Considering the following tables:
Table `buy` (the left table):
| timestamp | price |
| --------------------------- | -------- |
| 2024-06-22T00:00:00.039906Z | 0.092014 |
| 2024-06-22T00:00:00.343909Z | 9.805 |
The `sell` table (the right table):
| timestamp | price |
| --------------------------- | -------- |
| 2024-06-22T00:00:00.222534Z | 64120.28 |
| 2024-06-22T00:00:00.222534Z | 64120.28 |
A `SPLICE JOIN` can be built as follows:
```questdb-sql
WITH
buy AS ( -- select the first 5 buys in June 22
SELECT timestamp, price FROM trades
WHERE timestamp IN '2024-06-22' AND side = 'buy' LIMIT 2
),
sell AS ( -- select the first 5 sells in June 22
SELECT timestamp, price FROM trades
WHERE timestamp IN '2024-06-22' AND side = 'sell' LIMIT 2
)
SELECT
buy.timestamp, sell.timestamp, buy.price, sell.price
FROM buy
SPLICE JOIN sell;
```
This query returns the following results:
| timestamp | timestamp1 | price | price1 |
| --------------------------- | --------------------------- | -------- | -------- |
| 2024-06-22T00:00:00.039906Z | NULL | 0.092014 | NULL |
| 2024-06-22T00:00:00.039906Z | 2024-06-22T00:00:00.222534Z | 0.092014 | 64120.28 |
| 2024-06-22T00:00:00.039906Z | 2024-06-22T00:00:00.222534Z | 0.092014 | 64120.28 |
| 2024-06-22T00:00:00.343909Z | 2024-06-22T00:00:00.222534Z | 9.805 | 64120.28 |
Note that the above query does not use the optional `ON` clause.

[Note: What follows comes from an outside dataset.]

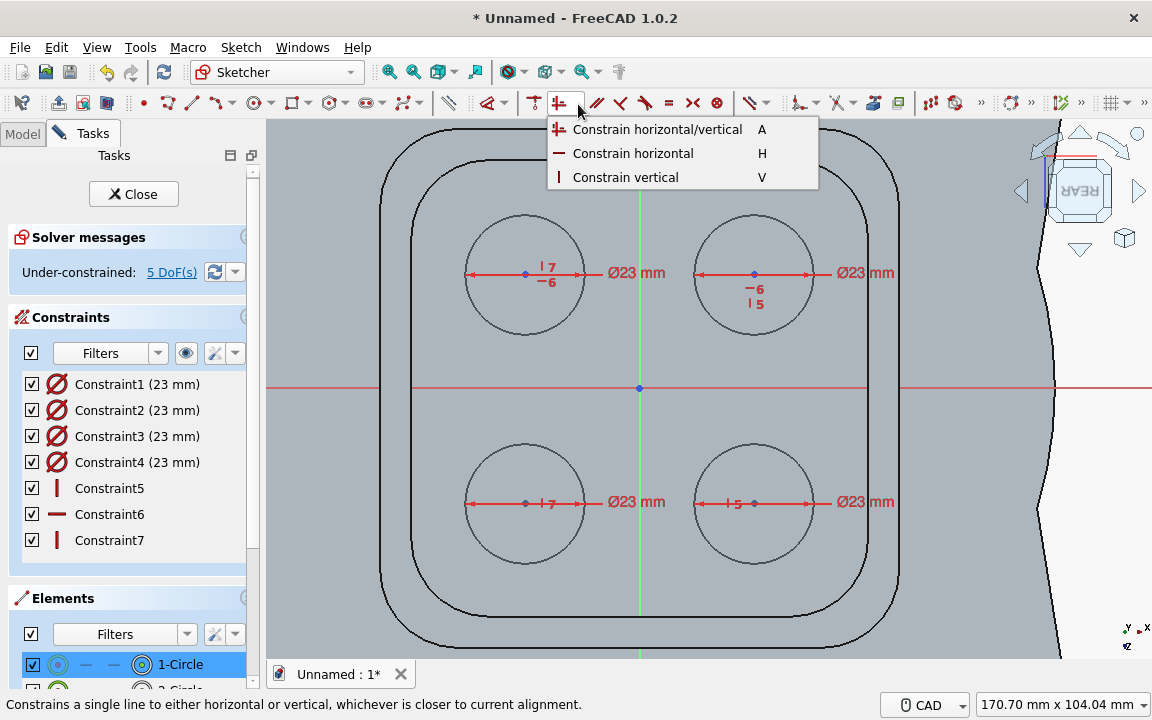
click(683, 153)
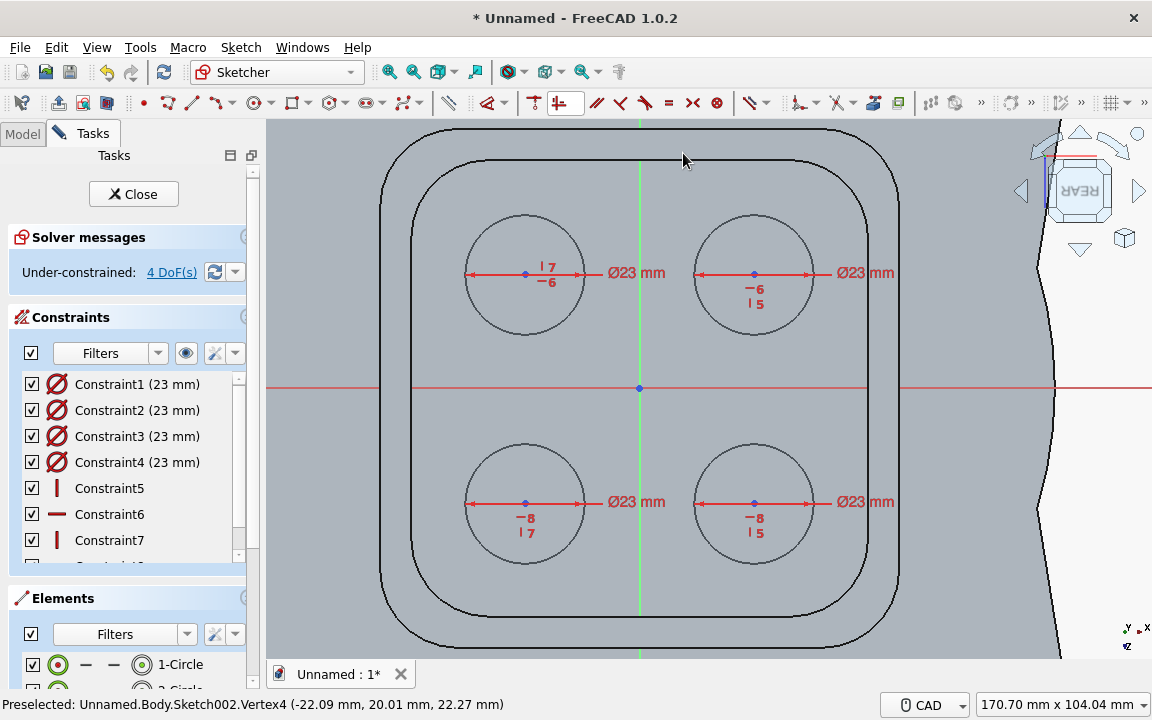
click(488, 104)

In case you
need additional filtering on the two tables, the `ON` clause can also be used.
### HORIZON JOIN
HORIZON JOIN is a specialized time-series join for markout analysis and event
impact studies. It combines ASOF JOIN matching with a set of time offsets,
computing aggregations at each offset in a single pass.

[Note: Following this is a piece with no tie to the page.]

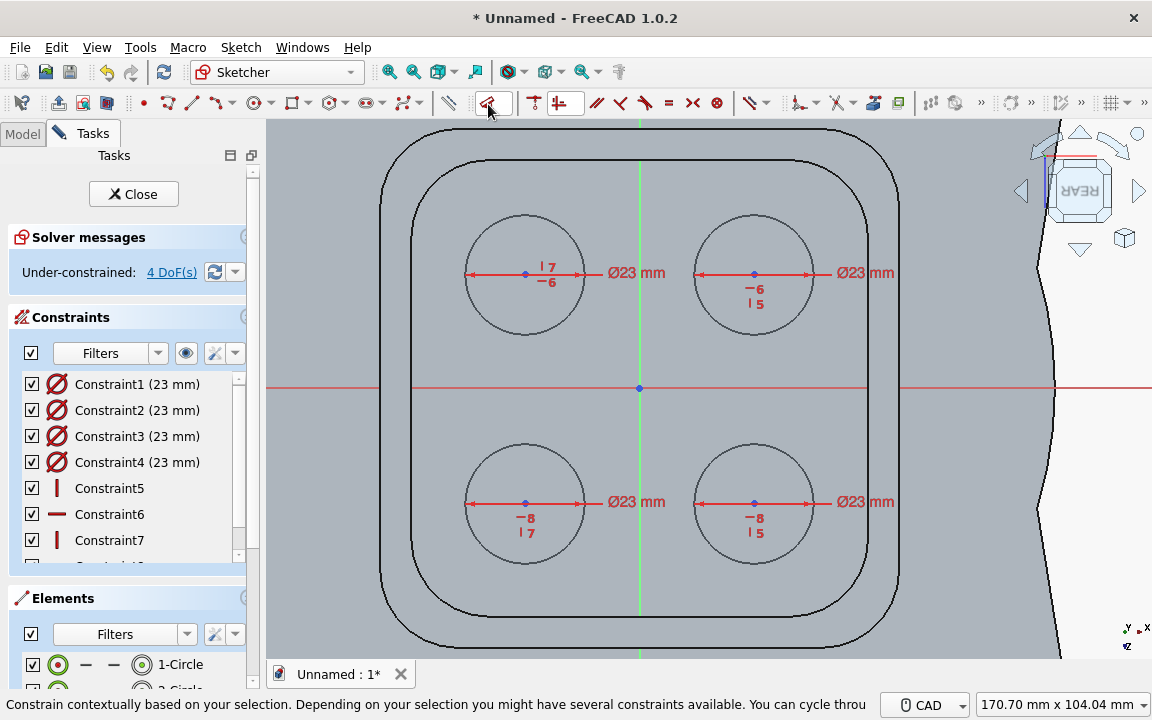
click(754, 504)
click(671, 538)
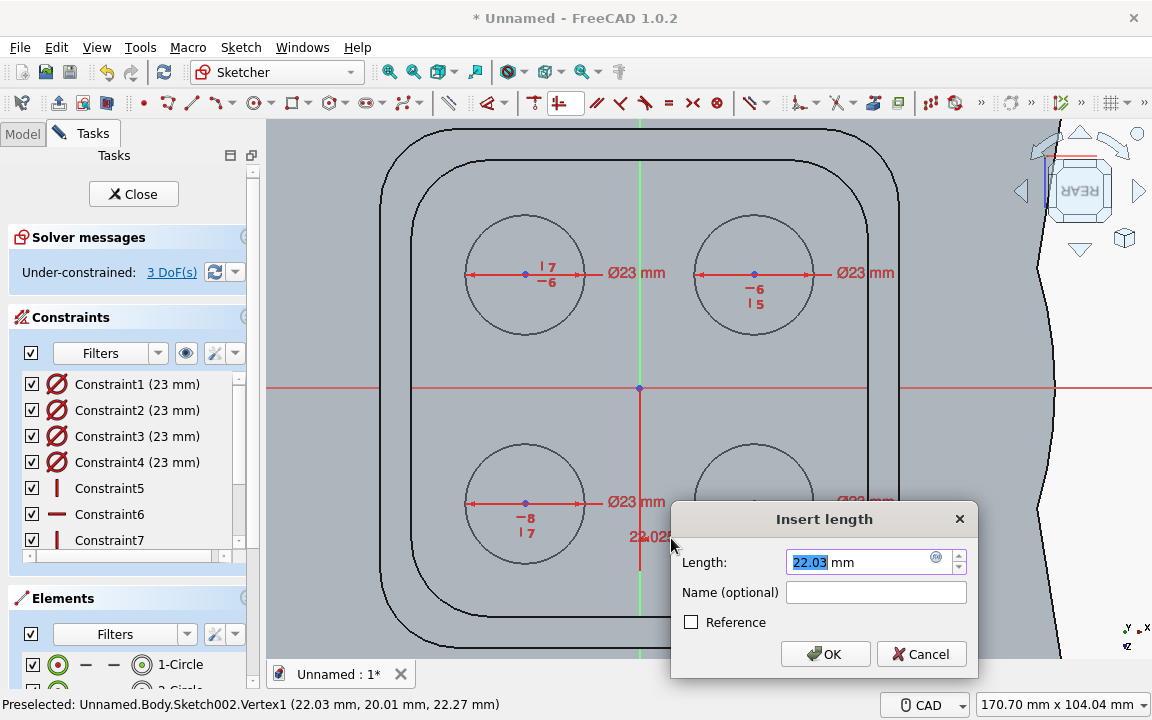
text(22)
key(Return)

It has its own page, [HORIZON JOIN](/docs/query/sql/horizon-join/).
### WINDOW JOIN
WINDOW JOIN aggregates data from a related table within a time-based window
around each row. It is useful for calculating rolling statistics, moving
averages, or aggregating readings within time windows.
It has its own page, [WINDOW JOIN](/docs/query/sql/window-join/).